Transcribe each record precisely; images stay out.

Start of Block

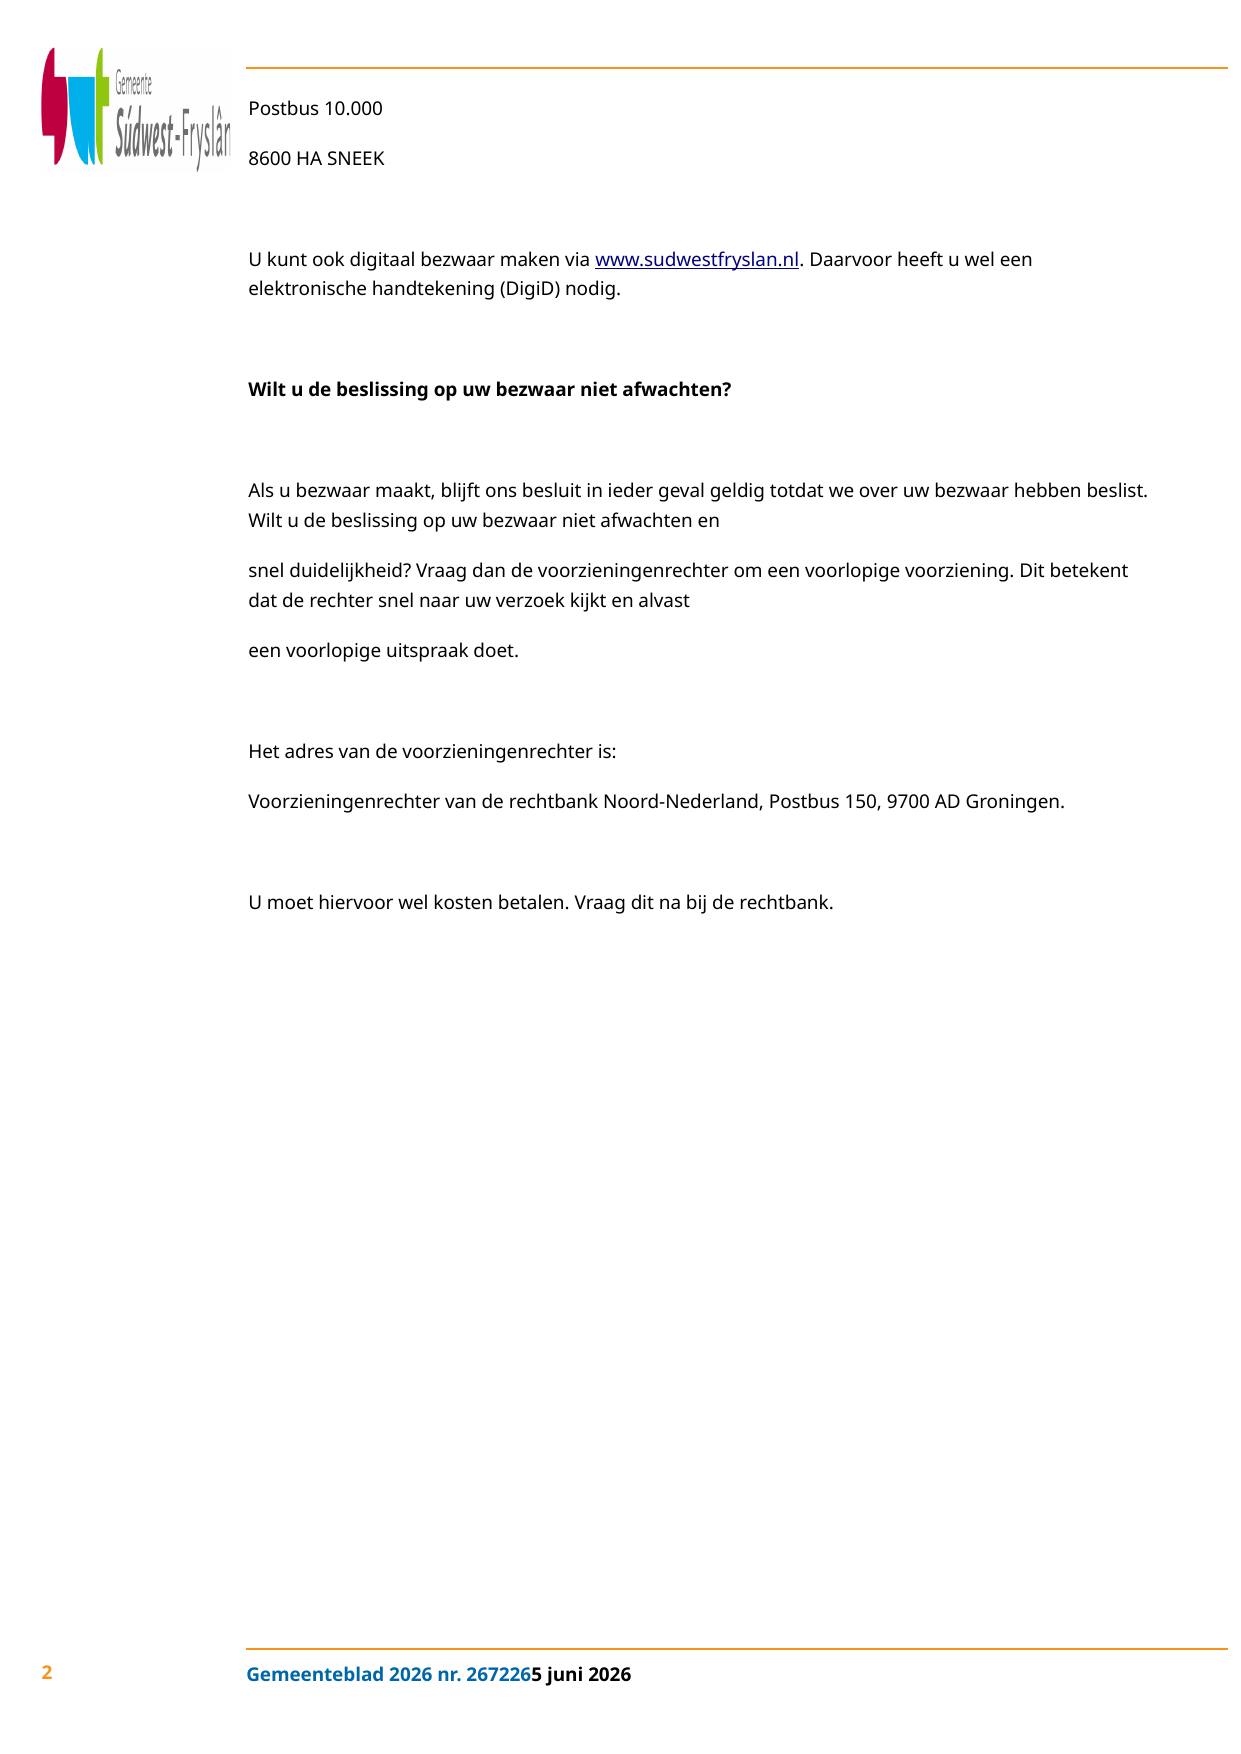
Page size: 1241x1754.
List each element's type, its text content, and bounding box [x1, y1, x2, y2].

text Het adres van de voorzieningenrechter is: [248, 738, 1152, 764]
text een voorlopige uitspraak doet. [248, 637, 1152, 663]
text U moet hiervoor wel kosten betalen. Vraag dit na bij de rechtbank. [248, 889, 1152, 915]
text Als u bezwaar maakt, blijft ons besluit in ieder geval geldig totdat we over uw bezwaar hebben beslist. Wilt u de beslissing op uw bezwaar niet afwachten en [248, 477, 1152, 533]
text Postbus 10.000 [248, 95, 1152, 121]
text Voorzieningenrechter van de rechtbank Noord-Nederland, Postbus 150, 9700 AD Groningen. [248, 788, 1152, 814]
text U kunt ook digitaal bezwaar maken via www.sudwestfryslan.nl. Daarvoor heeft u wel een elektronische handtekening (DigiD) nodig. [248, 246, 1152, 301]
text Wilt u de beslissing op uw bezwaar niet afwachten? [248, 376, 1152, 402]
picture [41, 47, 231, 172]
text 8600 HA SNEEK [248, 145, 1152, 171]
text snel duidelijkheid? Vraag dan de voorzieningenrechter om een voorlopige voorziening. Dit betekent dat de rechter snel naar uw verzoek kijkt en alvast [248, 557, 1152, 613]
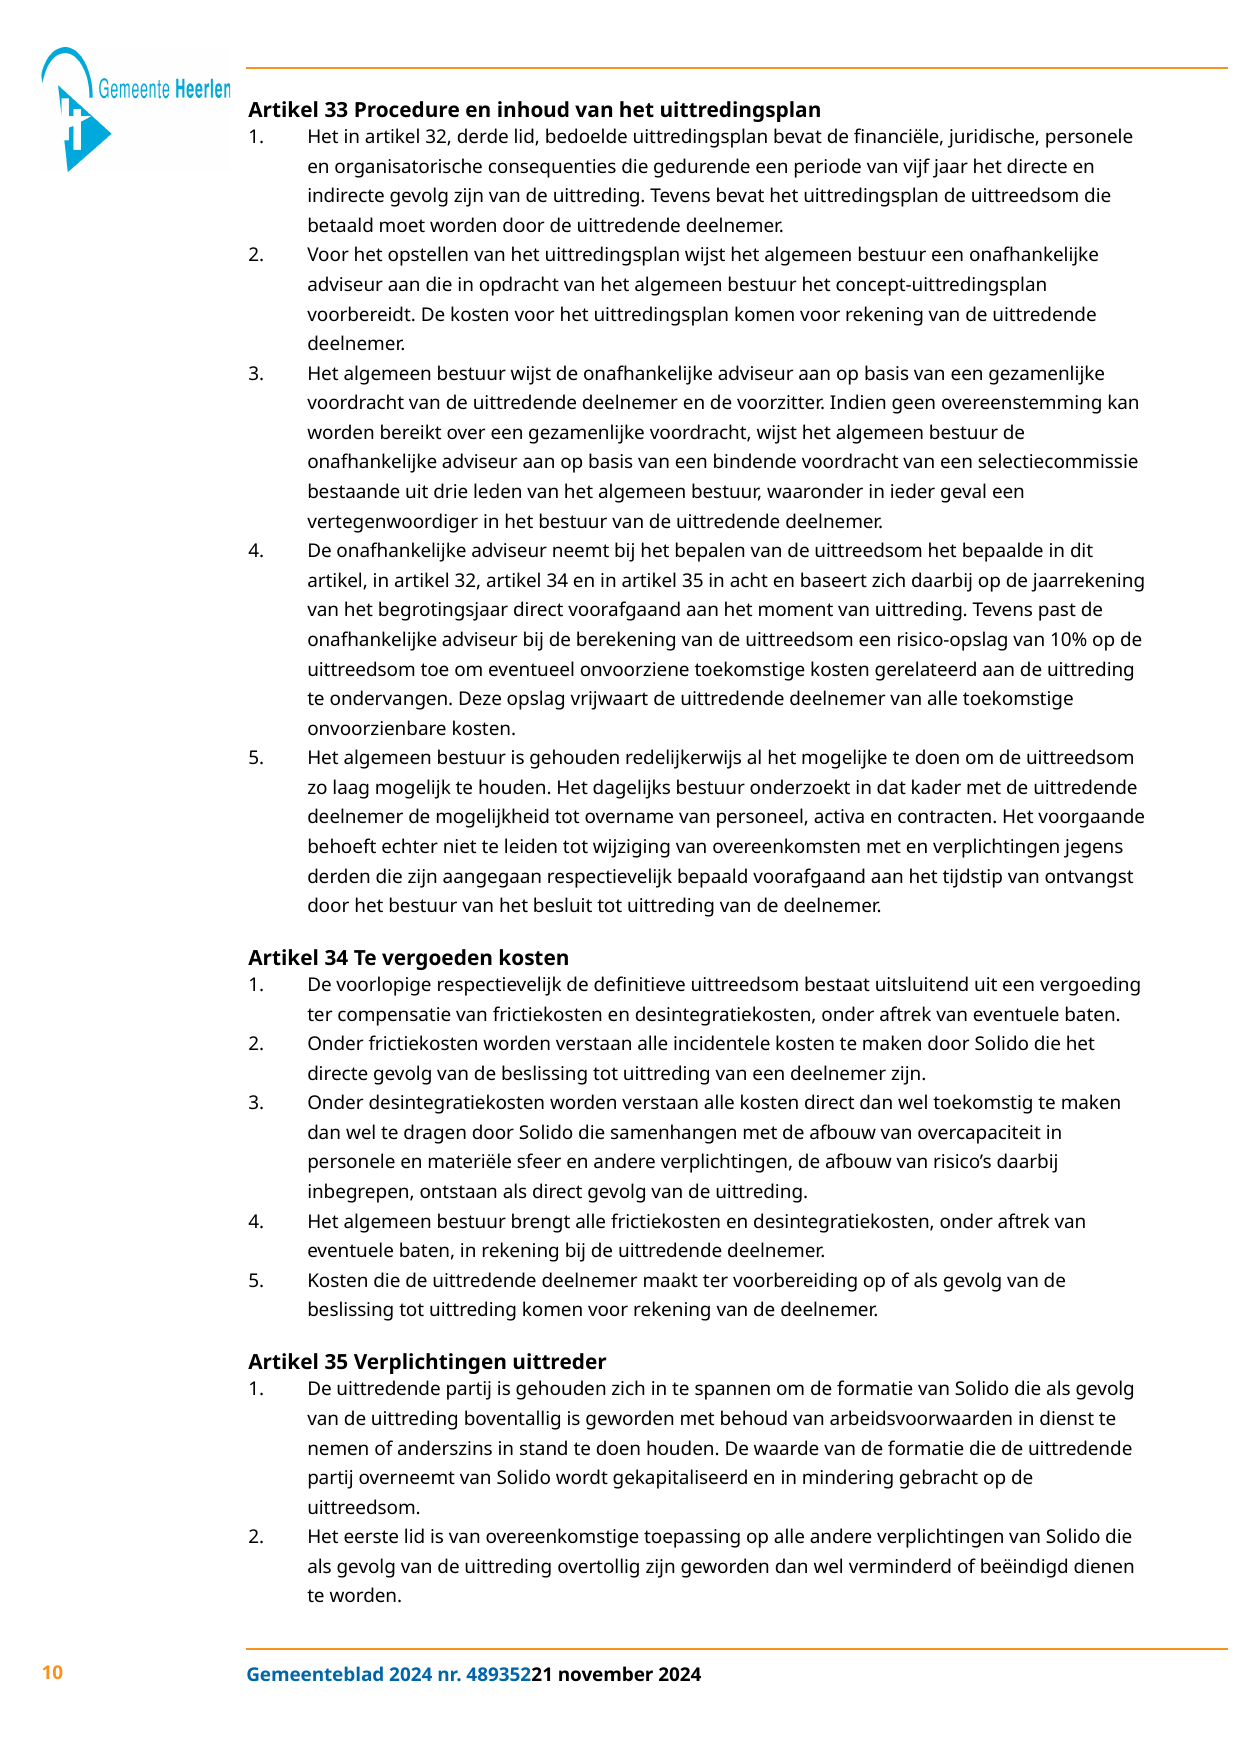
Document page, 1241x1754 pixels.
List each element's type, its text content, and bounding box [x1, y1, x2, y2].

text Artikel 33 Procedure en inhoud van het uittredingsplan [248, 95, 1152, 123]
list Kosten die de uittredende deelnemer maakt ter voorbereiding op of als gevolg van de beslissing tot uittreding komen voor rekening van de deelnemer. [248, 1267, 1152, 1322]
list Het algemeen bestuur is gehouden redelijkerwijs al het mogelijke te doen om de uittreedsom zo laag mogelijk te houden. Het dagelijks bestuur onderzoekt in dat kader met de uittredende deelnemer de mogelijkheid tot overname van personeel, activa en contracten. Het voorgaande behoeft echter niet te leiden tot wijziging van overeenkomsten met en verplichtingen jegens derden die zijn aangegaan respectievelijk bepaald voorafgaand aan het tijdstip van ontvangst door het bestuur van het besluit tot uittreding van de deelnemer. [248, 744, 1152, 918]
picture [41, 47, 59, 70]
list De onafhankelijke adviseur neemt bij het bepalen van de uittreedsom het bepaalde in dit artikel, in artikel 32, artikel 34 en in artikel 35 in acht en baseert zich daarbij op de jaarrekening van het begrotingsjaar direct voorafgaand aan het moment van uittreding. Tevens past de onafhankelijke adviseur bij de berekening van de uittreedsom een risico-opslag van 10% op de uittreedsom toe om eventueel onvoorziene toekomstige kosten gerelateerd aan de uittreding te ondervangen. Deze opslag vrijwaart de uittredende deelnemer van alle toekomstige onvoorzienbare kosten. [248, 537, 1152, 741]
list De voorlopige respectievelijk de definitieve uittreedsom bestaat uitsluitend uit een vergoeding ter compensatie van frictiekosten en desintegratiekosten, onder aftrek van eventuele baten. [248, 971, 1152, 1027]
text Artikel 34 Te vergoeden kosten [248, 943, 1152, 971]
list Het algemeen bestuur brengt alle frictiekosten en desintegratiekosten, onder aftrek van eventuele baten, in rekening bij de uittredende deelnemer. [248, 1208, 1152, 1263]
list Voor het opstellen van het uittredingsplan wijst het algemeen bestuur een onafhankelijke adviseur aan die in opdracht van het algemeen bestuur het concept-uittredingsplan voorbereidt. De kosten voor het uittredingsplan komen voor rekening van de uittredende deelnemer. [248, 242, 1152, 356]
list Onder desintegratiekosten worden verstaan alle kosten direct dan wel toekomstig te maken dan wel te dragen door Solido die samenhangen met de afbouw van overcapaciteit in personele en materiële sfeer en andere verplichtingen, de afbouw van risico’s daarbij inbegrepen, ontstaan als direct gevolg van de uittreding. [248, 1089, 1152, 1204]
text Artikel 35 Verplichtingen uittreder [248, 1347, 1152, 1376]
list Het eerste lid is van overeenkomstige toepassing op alle andere verplichtingen van Solido die als gevolg van de uittreding overtollig zijn geworden dan wel verminderd of beëindigd dienen te worden. [248, 1523, 1152, 1608]
list Het algemeen bestuur wijst de onafhankelijke adviseur aan op basis van een gezamenlijke voordracht van de uittredende deelnemer en de voorzitter. Indien geen overeenstemming kan worden bereikt over een gezamenlijke voordracht, wijst het algemeen bestuur de onafhankelijke adviseur aan op basis van een bindende voordracht van een selectiecommissie bestaande uit drie leden van het algemeen bestuur, waaronder in ieder geval een vertegenwoordiger in het bestuur van de uittredende deelnemer. [248, 360, 1152, 533]
picture [41, 47, 231, 172]
list De uittredende partij is gehouden zich in te spannen om de formatie van Solido die als gevolg van de uittreding boventallig is geworden met behoud van arbeidsvoorwaarden in dienst te nemen of anderszins in stand te doen houden. De waarde van de formatie die de uittredende partij overneemt van Solido wordt gekapitaliseerd en in mindering gebracht op de uittreedsom. [248, 1376, 1152, 1519]
list Onder frictiekosten worden verstaan alle incidentele kosten te maken door Solido die het directe gevolg van de beslissing tot uittreding van een deelnemer zijn. [248, 1030, 1152, 1086]
list Het in artikel 32, derde lid, bedoelde uittredingsplan bevat de financiële, juridische, personele en organisatorische consequenties die gedurende een periode van vijf jaar het directe en indirecte gevolg zijn van de uittreding. Tevens bevat het uittredingsplan de uittreedsom die betaald moet worden door de uittredende deelnemer. [248, 123, 1152, 238]

End of Block

[Expected answer]
Page size: 1241x1754.
List each element's type, its text content, and bounding box [x1, y1, x2, y2].

text Het adres van de voorzieningenrechter is: [248, 738, 1152, 764]
text een voorlopige uitspraak doet. [248, 637, 1152, 663]
text U moet hiervoor wel kosten betalen. Vraag dit na bij de rechtbank. [248, 889, 1152, 915]
text Als u bezwaar maakt, blijft ons besluit in ieder geval geldig totdat we over uw bezwaar hebben beslist. Wilt u de beslissing op uw bezwaar niet afwachten en [248, 477, 1152, 533]
text Postbus 10.000 [248, 95, 1152, 121]
text Voorzieningenrechter van de rechtbank Noord-Nederland, Postbus 150, 9700 AD Groningen. [248, 788, 1152, 814]
text U kunt ook digitaal bezwaar maken via www.sudwestfryslan.nl. Daarvoor heeft u wel een elektronische handtekening (DigiD) nodig. [248, 246, 1152, 301]
text Wilt u de beslissing op uw bezwaar niet afwachten? [248, 376, 1152, 402]
picture [41, 47, 231, 172]
text 8600 HA SNEEK [248, 145, 1152, 171]
text snel duidelijkheid? Vraag dan de voorzieningenrechter om een voorlopige voorziening. Dit betekent dat de rechter snel naar uw verzoek kijkt en alvast [248, 557, 1152, 613]
Document page, 1241x1754 pixels.
List each element's type, its text content, and bounding box [x1, y1, x2, y2].

text Artikel 33 Procedure en inhoud van het uittredingsplan [248, 95, 1152, 123]
list Kosten die de uittredende deelnemer maakt ter voorbereiding op of als gevolg van de beslissing tot uittreding komen voor rekening van de deelnemer. [248, 1267, 1152, 1322]
list Het algemeen bestuur is gehouden redelijkerwijs al het mogelijke te doen om de uittreedsom zo laag mogelijk te houden. Het dagelijks bestuur onderzoekt in dat kader met de uittredende deelnemer de mogelijkheid tot overname van personeel, activa en contracten. Het voorgaande behoeft echter niet te leiden tot wijziging van overeenkomsten met en verplichtingen jegens derden die zijn aangegaan respectievelijk bepaald voorafgaand aan het tijdstip van ontvangst door het bestuur van het besluit tot uittreding van de deelnemer. [248, 744, 1152, 918]
picture [41, 47, 59, 70]
list De onafhankelijke adviseur neemt bij het bepalen van de uittreedsom het bepaalde in dit artikel, in artikel 32, artikel 34 en in artikel 35 in acht en baseert zich daarbij op de jaarrekening van het begrotingsjaar direct voorafgaand aan het moment van uittreding. Tevens past de onafhankelijke adviseur bij de berekening van de uittreedsom een risico-opslag van 10% op de uittreedsom toe om eventueel onvoorziene toekomstige kosten gerelateerd aan de uittreding te ondervangen. Deze opslag vrijwaart de uittredende deelnemer van alle toekomstige onvoorzienbare kosten. [248, 537, 1152, 741]
list De voorlopige respectievelijk de definitieve uittreedsom bestaat uitsluitend uit een vergoeding ter compensatie van frictiekosten en desintegratiekosten, onder aftrek van eventuele baten. [248, 971, 1152, 1027]
text Artikel 34 Te vergoeden kosten [248, 943, 1152, 971]
list Het algemeen bestuur brengt alle frictiekosten en desintegratiekosten, onder aftrek van eventuele baten, in rekening bij de uittredende deelnemer. [248, 1208, 1152, 1263]
list Voor het opstellen van het uittredingsplan wijst het algemeen bestuur een onafhankelijke adviseur aan die in opdracht van het algemeen bestuur het concept-uittredingsplan voorbereidt. De kosten voor het uittredingsplan komen voor rekening van de uittredende deelnemer. [248, 242, 1152, 356]
list Onder desintegratiekosten worden verstaan alle kosten direct dan wel toekomstig te maken dan wel te dragen door Solido die samenhangen met de afbouw van overcapaciteit in personele en materiële sfeer en andere verplichtingen, de afbouw van risico’s daarbij inbegrepen, ontstaan als direct gevolg van de uittreding. [248, 1089, 1152, 1204]
text Artikel 35 Verplichtingen uittreder [248, 1347, 1152, 1376]
list Het eerste lid is van overeenkomstige toepassing op alle andere verplichtingen van Solido die als gevolg van de uittreding overtollig zijn geworden dan wel verminderd of beëindigd dienen te worden. [248, 1523, 1152, 1608]
list Het algemeen bestuur wijst de onafhankelijke adviseur aan op basis van een gezamenlijke voordracht van de uittredende deelnemer en de voorzitter. Indien geen overeenstemming kan worden bereikt over een gezamenlijke voordracht, wijst het algemeen bestuur de onafhankelijke adviseur aan op basis van een bindende voordracht van een selectiecommissie bestaande uit drie leden van het algemeen bestuur, waaronder in ieder geval een vertegenwoordiger in het bestuur van de uittredende deelnemer. [248, 360, 1152, 533]
picture [41, 47, 231, 172]
list De uittredende partij is gehouden zich in te spannen om de formatie van Solido die als gevolg van de uittreding boventallig is geworden met behoud van arbeidsvoorwaarden in dienst te nemen of anderszins in stand te doen houden. De waarde van de formatie die de uittredende partij overneemt van Solido wordt gekapitaliseerd en in mindering gebracht op de uittreedsom. [248, 1376, 1152, 1519]
list Onder frictiekosten worden verstaan alle incidentele kosten te maken door Solido die het directe gevolg van de beslissing tot uittreding van een deelnemer zijn. [248, 1030, 1152, 1086]
list Het in artikel 32, derde lid, bedoelde uittredingsplan bevat de financiële, juridische, personele en organisatorische consequenties die gedurende een periode van vijf jaar het directe en indirecte gevolg zijn van de uittreding. Tevens bevat het uittredingsplan de uittreedsom die betaald moet worden door de uittredende deelnemer. [248, 123, 1152, 238]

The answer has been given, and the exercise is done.